:: GIVEN DATA ::
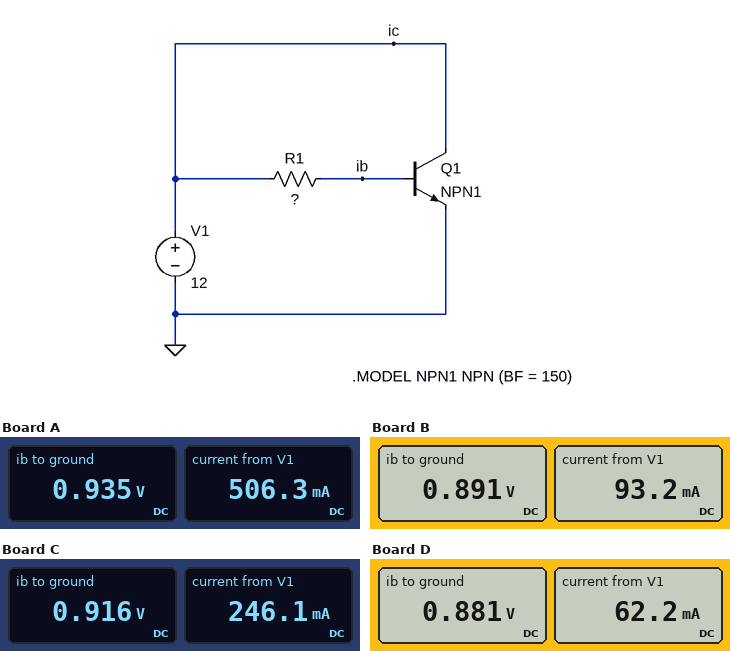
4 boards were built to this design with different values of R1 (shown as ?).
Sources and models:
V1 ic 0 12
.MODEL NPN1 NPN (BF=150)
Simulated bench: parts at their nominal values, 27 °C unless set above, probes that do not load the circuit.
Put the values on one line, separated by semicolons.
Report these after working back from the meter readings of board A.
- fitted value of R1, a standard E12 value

3.3 kΩ
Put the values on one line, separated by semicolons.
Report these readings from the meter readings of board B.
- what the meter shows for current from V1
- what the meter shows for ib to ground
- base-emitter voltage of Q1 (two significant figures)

93.2 mA; 0.891 V; 890 mV
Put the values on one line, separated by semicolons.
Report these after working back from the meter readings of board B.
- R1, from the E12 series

18 kΩ
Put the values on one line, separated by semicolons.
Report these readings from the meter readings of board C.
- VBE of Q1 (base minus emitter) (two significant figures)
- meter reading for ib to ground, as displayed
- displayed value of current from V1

920 mV; 0.916 V; 246.1 mA
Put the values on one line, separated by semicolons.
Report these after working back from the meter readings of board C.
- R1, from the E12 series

6.8 kΩ
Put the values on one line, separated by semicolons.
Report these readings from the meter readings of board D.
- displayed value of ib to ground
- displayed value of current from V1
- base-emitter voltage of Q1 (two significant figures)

0.881 V; 62.2 mA; 880 mV
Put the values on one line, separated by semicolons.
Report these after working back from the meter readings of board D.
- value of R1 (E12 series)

27 kΩ
:::
» YOUR OBJECTIVE:
All entries should be reproduced exactly; no picture belongs in the result.

» OUTPUT FOR THIS TASK:
4 boards were built to this design with different values of R1 (shown as ?).
Sources and models:
V1 ic 0 12
.MODEL NPN1 NPN (BF=150)
Simulated bench: parts at their nominal values, 27 °C unless set above, probes that do not load the circuit.
Put the values on one line, separated by semicolons.
Report these after working back from the meter readings of board A.
- fitted value of R1, a standard E12 value

3.3 kΩ
Put the values on one line, separated by semicolons.
Report these readings from the meter readings of board B.
- what the meter shows for current from V1
- what the meter shows for ib to ground
- base-emitter voltage of Q1 (two significant figures)

93.2 mA; 0.891 V; 890 mV
Put the values on one line, separated by semicolons.
Report these after working back from the meter readings of board B.
- R1, from the E12 series

18 kΩ
Put the values on one line, separated by semicolons.
Report these readings from the meter readings of board C.
- VBE of Q1 (base minus emitter) (two significant figures)
- meter reading for ib to ground, as displayed
- displayed value of current from V1

920 mV; 0.916 V; 246.1 mA
Put the values on one line, separated by semicolons.
Report these after working back from the meter readings of board C.
- R1, from the E12 series

6.8 kΩ
Put the values on one line, separated by semicolons.
Report these readings from the meter readings of board D.
- displayed value of ib to ground
- displayed value of current from V1
- base-emitter voltage of Q1 (two significant figures)

0.881 V; 62.2 mA; 880 mV
Put the values on one line, separated by semicolons.
Report these after working back from the meter readings of board D.
- value of R1 (E12 series)

27 kΩ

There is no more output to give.